Specializes in 26 yrs ER, Dialysis, HH, Education.

Rionoir, when I was in school, my instructor stayed with the students and did like you described. However, the school I am teaching at now has the instructors on-site, but the students are with a staff nurse. I make rounds every hour or two, help them with procedures as needed, meds, review the patients with them, grade care plans and other clinical assignments. We have a pre and post conference. My students come to me all the time and I'm very interactive with my students. That's the way the state BoN says it has to be done, and it is the way the facilities like it. The students seem to like it and they say they feel more confident andlike they are more included with the staff when it is done this way. I see pros and cons both ways.

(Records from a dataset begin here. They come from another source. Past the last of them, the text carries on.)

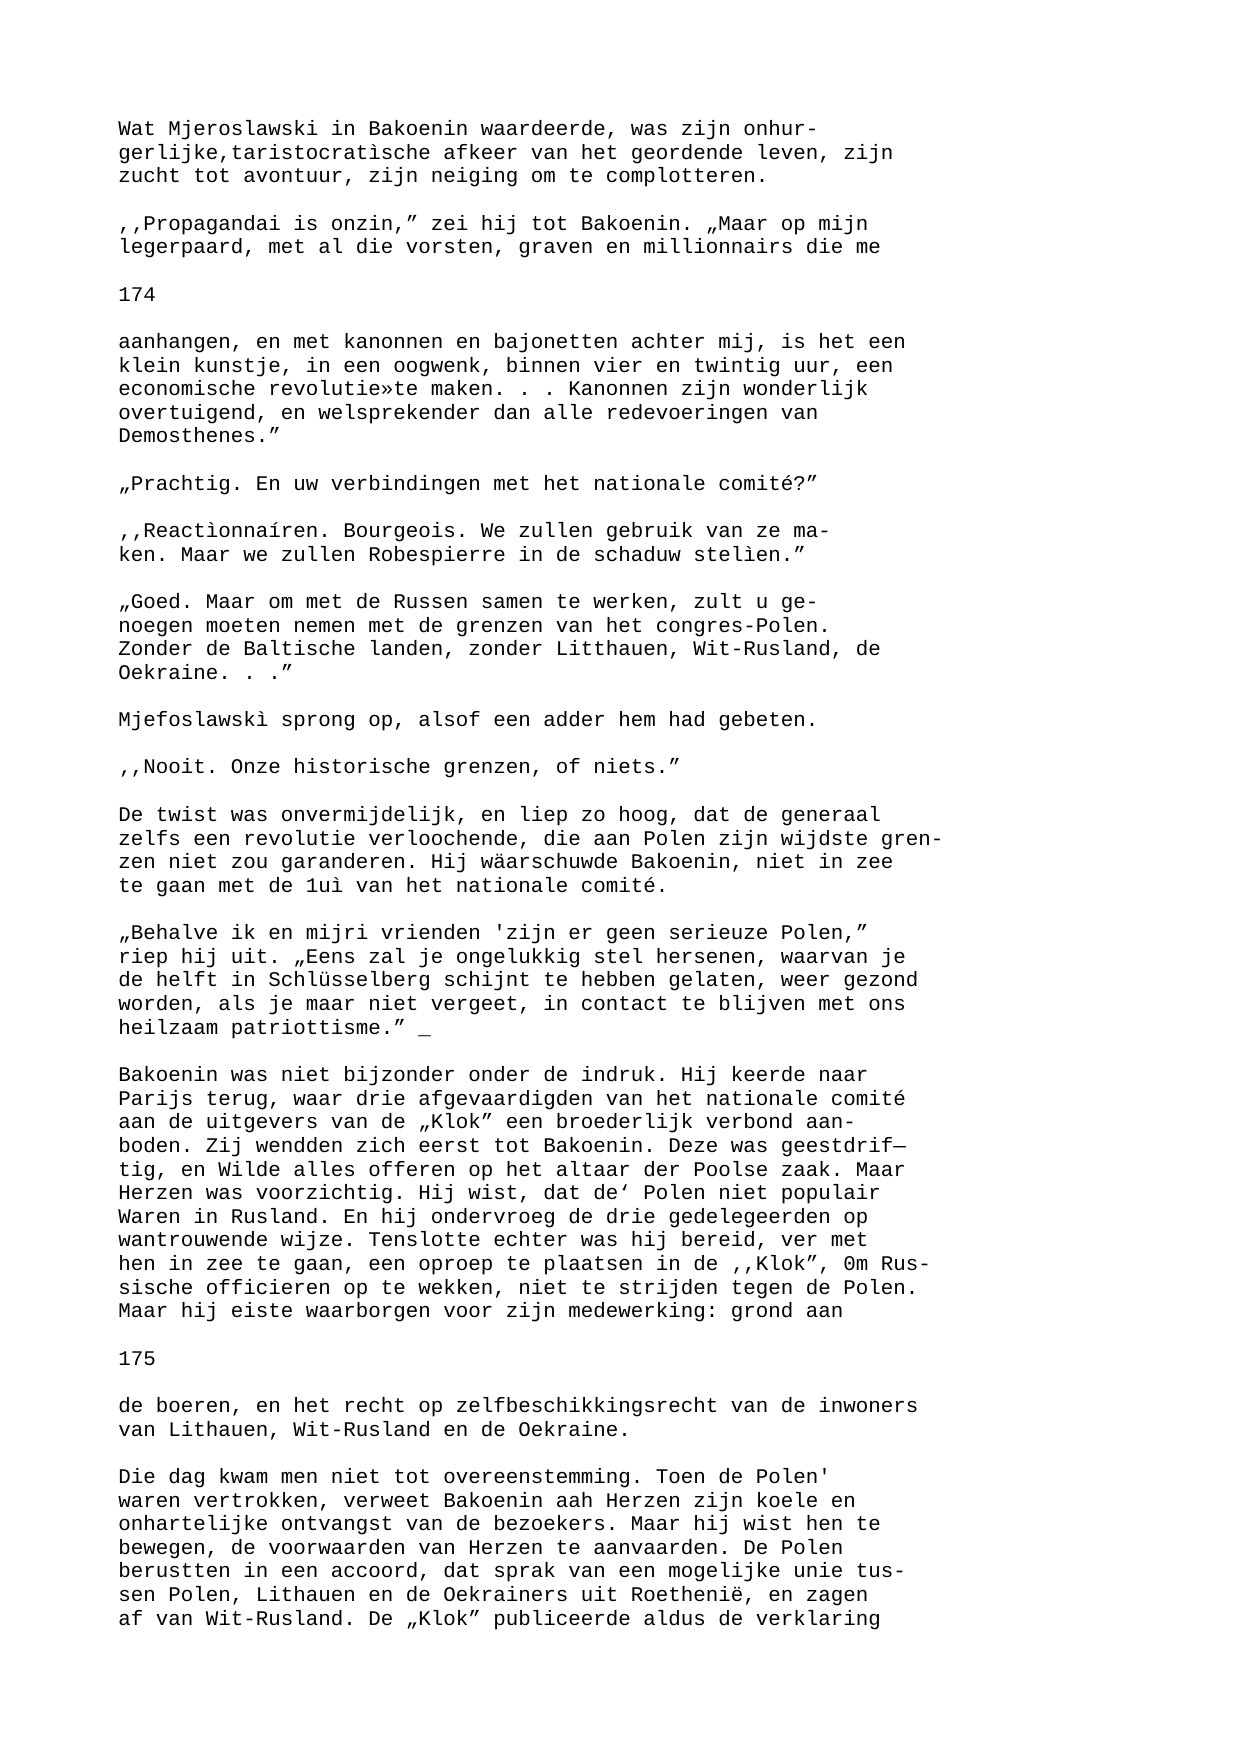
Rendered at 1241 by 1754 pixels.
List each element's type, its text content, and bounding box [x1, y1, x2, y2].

text gerlijke,taristocratìsche afkeer van het geordende leven, zijn [118, 142, 1122, 165]
text ‚,Nooit. Onze historische grenzen, of niets.” [118, 757, 1122, 780]
text boden. Zij wendden zich eerst tot Bakoenin. Deze was geestdrif— [118, 1135, 1122, 1158]
text Bakoenin was niet bijzonder onder de indruk. Hij keerde naar [118, 1064, 1122, 1088]
text wantrouwende wijze. Tenslotte echter was hij bereid, ver met [118, 1229, 1122, 1253]
text „Goed. Maar om met de Russen samen te werken, zult u ge- [118, 591, 1122, 615]
text van Lithauen, Wit-Rusland en de Oekraine. [118, 1419, 1122, 1442]
text noegen moeten nemen met de grenzen van het congres-Polen. [118, 615, 1122, 638]
text zelfs een revolutie verloochende, die aan Polen zijn wijdste gren- [118, 827, 1122, 851]
text sen Polen, Lithauen en de Oekrainers uit Roethenië, en zagen [118, 1584, 1122, 1608]
text bewegen, de voorwaarden van Herzen te aanvaarden. De Polen [118, 1537, 1122, 1561]
text onhartelijke ontvangst van de bezoekers. Maar hij wist hen te [118, 1513, 1122, 1537]
text riep hij uit. „Eens zal je ongelukkig stel hersenen, waarvan je [118, 946, 1122, 969]
text de helft in Schlüsselberg schijnt te hebben gelaten, weer gezond [118, 969, 1122, 993]
text Wat Mjeroslawski in Bakoenin waardeerde, was zijn onhur- [118, 118, 1122, 142]
text Parijs terug, waar drie afgevaardigden van het nationale comité [118, 1088, 1122, 1111]
text zucht tot avontuur, zijn neiging om te complotteren. [118, 165, 1122, 189]
text 174 [118, 284, 1122, 307]
text legerpaard, met al die vorsten, graven en millionnairs die me [118, 236, 1122, 260]
text Mjefoslawskì sprong op, alsof een adder hem had gebeten. [118, 709, 1122, 733]
text Herzen was voorzichtig. Hij wist, dat de‘ Polen niet populair [118, 1182, 1122, 1206]
text Waren in Rusland. En hij ondervroeg de drie gedelegeerden op [118, 1206, 1122, 1229]
text tig, en Wilde alles offeren op het altaar der Poolse zaak. Maar [118, 1158, 1122, 1182]
text sische officieren op te wekken, niet te strijden tegen de Polen. [118, 1277, 1122, 1300]
text worden, als je maar niet vergeet, in contact te blijven met ons [118, 993, 1122, 1017]
text overtuigend, en welsprekender dan alle redevoeringen van [118, 402, 1122, 426]
text ‚‚Reactìonnaíren. Bourgeois. We zullen gebruik van ze ma- [118, 520, 1122, 544]
text ken. Maar we zullen Robespierre in de schaduw stelìen.” [118, 544, 1122, 567]
text klein kunstje, in een oogwenk, binnen vier en twintig uur, een [118, 354, 1122, 378]
text te gaan met de 1uì van het nationale comité. [118, 875, 1122, 898]
text De twist was onvermijdelijk, en liep zo hoog, dat de generaal [118, 804, 1122, 827]
text berustten in een accoord, dat sprak van een mogelijke unie tus- [118, 1561, 1122, 1584]
text Maar hij eiste waarborgen voor zijn medewerking: grond aan [118, 1300, 1122, 1324]
text 175 [118, 1348, 1122, 1371]
text economische revolutie»te maken. . . Kanonnen zijn wonderlijk [118, 378, 1122, 402]
text „Behalve ik en mijri vrienden 'zijn er geen serieuze Polen,” [118, 922, 1122, 946]
text Demosthenes.” [118, 426, 1122, 449]
text Oekraine. . .” [118, 662, 1122, 686]
text Die dag kwam men niet tot overeenstemming. Toen de Polen' [118, 1466, 1122, 1489]
text waren vertrokken, verweet Bakoenin aah Herzen zijn koele en [118, 1489, 1122, 1513]
text heilzaam patriottisme.” _ [118, 1017, 1122, 1040]
text aanhangen, en met kanonnen en bajonetten achter mij, is het een [118, 331, 1122, 354]
text af van Wit-Rusland. De „Klok” publiceerde aldus de verklaring [118, 1608, 1122, 1631]
text aan de uitgevers van de „Klok” een broederlijk verbond aan- [118, 1111, 1122, 1135]
text „Prachtig. En uw verbindingen met het nationale comité?” [118, 473, 1122, 496]
text ,‚Propagandai is onzin,” zei hij tot Bakoenin. „Maar op mijn [118, 213, 1122, 236]
text de boeren, en het recht op zelfbeschikkingsrecht van de inwoners [118, 1395, 1122, 1419]
text hen in zee te gaan, een oproep te plaatsen in de ‚,Klok”, 0m Rus- [118, 1253, 1122, 1277]
text Zonder de Baltische landen, zonder Litthauen, Wit-Rusland, de [118, 638, 1122, 662]
text zen niet zou garanderen. Hij wäarschuwde Bakoenin, niet in zee [118, 851, 1122, 875]

Specializes in Med-Surg newbie.
4 hours ago, Rose_Queen said:

That would be because the schools are often sending students to the facility and the instructor is "somewhere in the building". When I went to nursing school, we were the responsibility of our instructor- that was who we went to with questions, that was who was at our side to pass meds, that was who was at our side to perform a procedure. Schools need to go back to that model instead of dumping students on the nurses who are getting zero compensation for being a de facto clinical instructor. The only exception was our senior capstone, and that was set up specifically with nurses who volunteered for the preceptorship.

That's exactly how it was when I went to nursing school. We were assigned to shadow a nurse but if we had questions, had to give meds, had to do anything the nurse asked that we didn't know how to do, we went right to our clinical instructor.